The NOD mouse is a well-defined animal model used to study T1DM. Our laboratory has previously demonstrated that neonatal administration of TNF (first 3 weeks of life) accelerates the onset of and increases the incidence of T1DM in the NOD mouse, while neonatal administration of anti-TNF completely abrogates all manifestations of T1DM for up to 1 year [71]. Neonatal TNF administration also further decreases the number and function of CD4+CD25+ regulatory T cells. Neonatal administration of anti-TNF, in contrast, increases the number of CD4+CD25+ T cells and does not alter the ability of these cells to suppress disease in a transfer system. These data suggest that the numbers and function of this regulatory population may be regulated in either a positive or negative manner by their cytokine (specifically, TNF) milieu.

Initial results

Ourselves and other workers [72] have shown that the NOD mouse is numerically deficient in the CD4+CD25+ T-cell population, suggesting a compromised ability to maintain a state of nonresponsiveness to self-antigens. Direct supplementation of the neonatal NOD mouse with three injections of 2×105 CD4+CD25+ T cells can significantly delay the onset of T1DM in this mouse model. Continued weekly administration of similar small numbers of CD4+CD25+ T cells results in failure to develop diabetes for as long as this treatment is continued. These data highlight the potential therapeutic value and the potency of these cells, and are compatible with the concept that the anti-TNF-induced increase in CD4+CD25+ T cells is the basis for the failure of anti-TNF-treated mice to develop diabetes.

Future studies

There is abundant evidence that the thymus of the NOD mouse displays significant anatomical abnormalities that are thought to be related to the T1DM disease process. The precise relationship is unknown. The NOD thymus exhibits giant perivascular spaces with abnormal retention of thymocytes and with premature signs of age-associated breakdown of the thymic epithelium [73-75]. To the extent that the NOD thymic architecture could influence the selection and ultimate trafficking of CD4+CD25+ T cells, it becomes important to understand the development of CD4+CD25+ T cells in the thymus. There is little to no information available in this area of study. There is no data available regarding the development of CD4+CD25+ T cells, and how TNF and/or anti-TNF may affect their development. These studies are currently under way.

Concluding remarks

The studies presented in this review, as well as a number of studies from the literature, make it clear that TNF-α and its receptors (TNFR1 and TNFR2), LTβ receptor and its LTα/β and LIGHT ligands, and the interaction of LIGHT with HVEM are all important regulators of the development and maintenance of structural integrity and function of the T cells in their interactions with other T cells, B cells and APCs in the development of the normal immune response and in the development of autoimmunity. Further understanding of the molecular basis for the downregulation of the immune response produced by pharmacological doses of TNF-α may lead to the development of new therapies to prevent the excessive stimulation of the immune system seen in TNF blockade, as occurs in RA.

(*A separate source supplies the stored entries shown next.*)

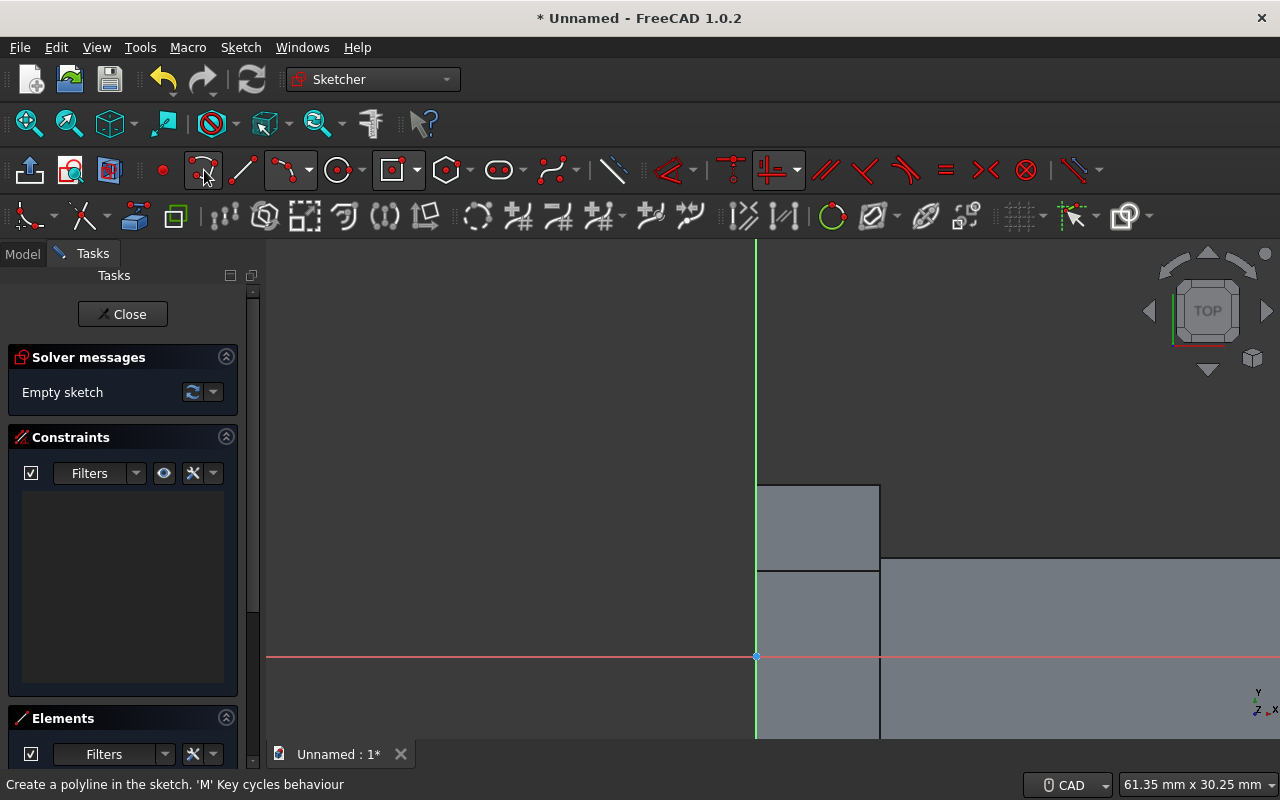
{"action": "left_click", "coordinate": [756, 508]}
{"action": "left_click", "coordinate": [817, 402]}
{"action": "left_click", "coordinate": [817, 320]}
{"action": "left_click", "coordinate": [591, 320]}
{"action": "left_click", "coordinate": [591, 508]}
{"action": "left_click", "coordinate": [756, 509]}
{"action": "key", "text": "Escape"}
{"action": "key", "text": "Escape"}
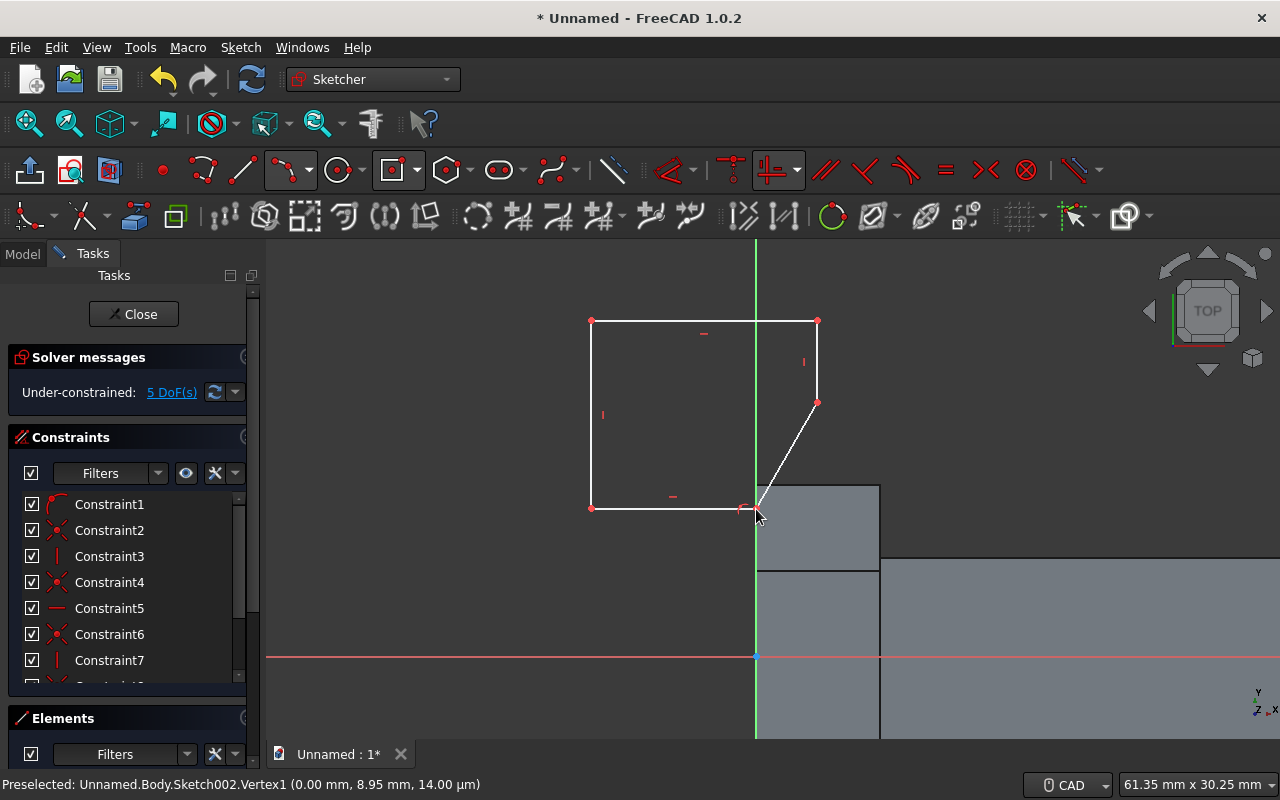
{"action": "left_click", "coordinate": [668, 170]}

Furthermore, a detailed understanding of the effects of soluble LTβ receptor and soluble HVEM receptor on the function of T cells, and the interaction of T cells with other T cells and with APCs in the white pulp of the spleen and the developing follicles in the lymph nodes, may lead to relatively nontoxic methods for downregulating the autoimmune response in diseases such as T1DM, where individuals at risk in the prediabetic stage can be identified and subjected to this kind of blocking therapy.

Glossary of terms

BLC = B lymphocyte chemoattractant; CMV = cytomegalovirus; FDC = follicular dendritic cell; HVEM = herpes virus entry mediator; IRS-1 = insulin receptor substrate-1; LTα/β = lymphotoxin α/β (α2β1, aα1β2); LTβ R-Fc = the extra cellular domain of LTα/β coupled to the Fc fragment of IgG as a fusion protein; NOD = nonobese diabetic; T1DM = type 1 diabetes, juvenile onset, insulin-dependent diabetes mellitus, due to insulin deficiency; TNFR1 = tumor necrosis factor receptor 1 (55 kb); TNFR2 = tumor necrosis factor receptor 2 (75 kb).